6. It is contended by learned counsel for appellant that the learned trial Court has recorded acquittal of the respondents on the basis of improper appreciation of the evidence; otherwise the prosecution has been able to prove its case against them beyond shadow of doubt by way of cogent evidence. By contending so, he sought for admission of the instant criminal acquittal appeal for its regular hearing for further action against the respondents.
7. I have considered the above arguments and perused the record.
8. The FIR of the incident has been lodged with delay of about 34 years; such delay has not been explained plausibly, same as such could not be overlooked; PWs Muhammad Paryal and Farman Ali have been given up by the prosecution. The inference which could be drawn of their non examination would be that they were not going to support the case of prosecution. The issue of gift allegedly made by Mst.Anwar Khatoon being legal or unlawful could only be resolved by the Civil Court. The litigation between the parties on civil side is said to be pending before the Civil Court having jurisdiction. In absence of finding of Civil Court on gift entry being forged or illegal, the criminal proceedings launched against the respondents by way of FIR at the instance of appellant obviously was contrary to mandate contained by Section 195 (1) (c) Cr.PC, which lays down that no Court shall take cognizance for certain offences relating to documents except on complaint in writing of the Court which declares document to be false or forged. In these circumstances, the learned trial Court was right to record acquittal of the private respondents by extending them benefit of doubt by making following observation;
“The material and evidence brought on record does not connect the accused with the alleged offence and the evidence is inconsistent which cannot be relied upon safely and no conviction can be awarded on the basis of such evidence to the accused”.

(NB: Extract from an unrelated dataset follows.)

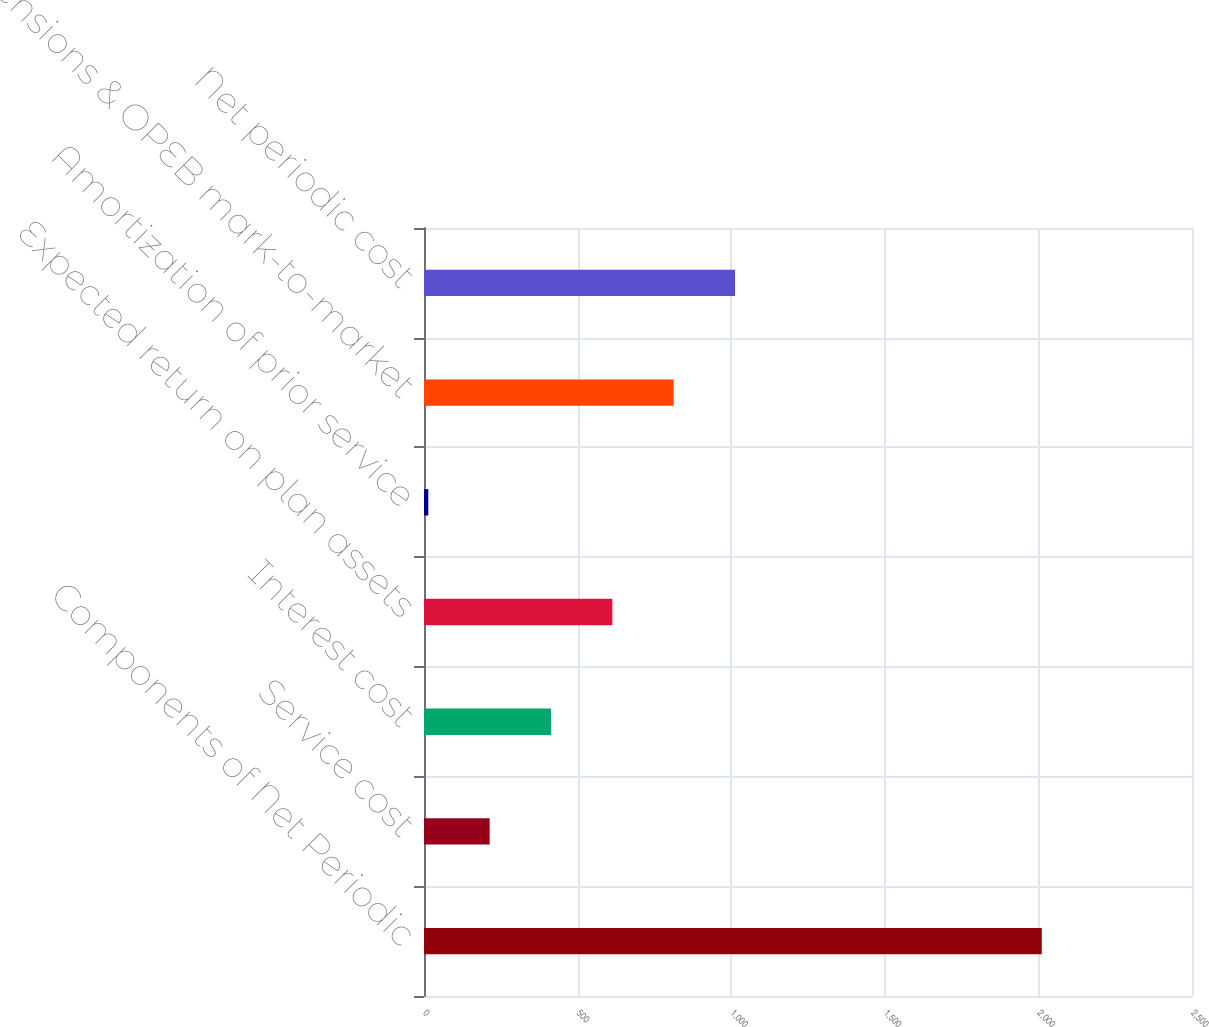Convert chart. <chart><loc_0><loc_0><loc_500><loc_500><bar_chart><fcel>Components of Net Periodic<fcel>Service cost<fcel>Interest cost<fcel>Expected return on plan assets<fcel>Amortization of prior service<fcel>Pensions & OPEB mark-to-market<fcel>Net periodic cost<nl><fcel>2011<fcel>213.7<fcel>413.4<fcel>613.1<fcel>14<fcel>812.8<fcel>1012.5<nl></chart>

9. In case of State and others vs. Abdul Khaliq and others (PLD 2011 SC-554), it is held by the Hon’ble Court that;
“The scope of interference in appeal against acquittal is most narrow and limited, because in an acquittal the presumption of innocence is significantly added to the cardinal rule of criminal jurisprudence, that an accused shall be presumed to be innocent until proved guilty; in other words, the presumption of innocence is doubled. The courts shall be very slow in interfering with such an acquittal judgment, unless it is shown to be perverse, passed in gross violation of law, suffering from the errors of grave misreading or non-reading of the evidence; such judgments should not be lightly interfered and heavy burden lies on the prosecution to rebut the presumption of innocence which the accused has earned and attained on account of his acquittal. Interference in a judgment of acquittal is rare and the prosecution must show that there are glaring errors of law and fact committed by the Court in arriving at the decision, which would result into grave miscarriage of justice; the acquittal judgment is perfunctory or wholly artificial or a shocking conclusion has been drawn. Judgment of acquittal should not be interjected until the findings are perverse, arbitrary, foolish, artificial, speculative and ridiculous. The Court of appeal should not interfere simply for the reason that on the reappraisal of the evidence a different conclusion could possibly be arrived at, the factual conclusions should not be upset, except when palpably perverse, suffering from serious and material factual infirmities”.
10. Nothing has been brought on record which may suggest that the impugned judgment has been passed by learned trial Court in arbitrary or cursory manner, which may justify interference with it by this Court by way of instant criminal acquittal appeal; it is dismissed in limine together with listed application.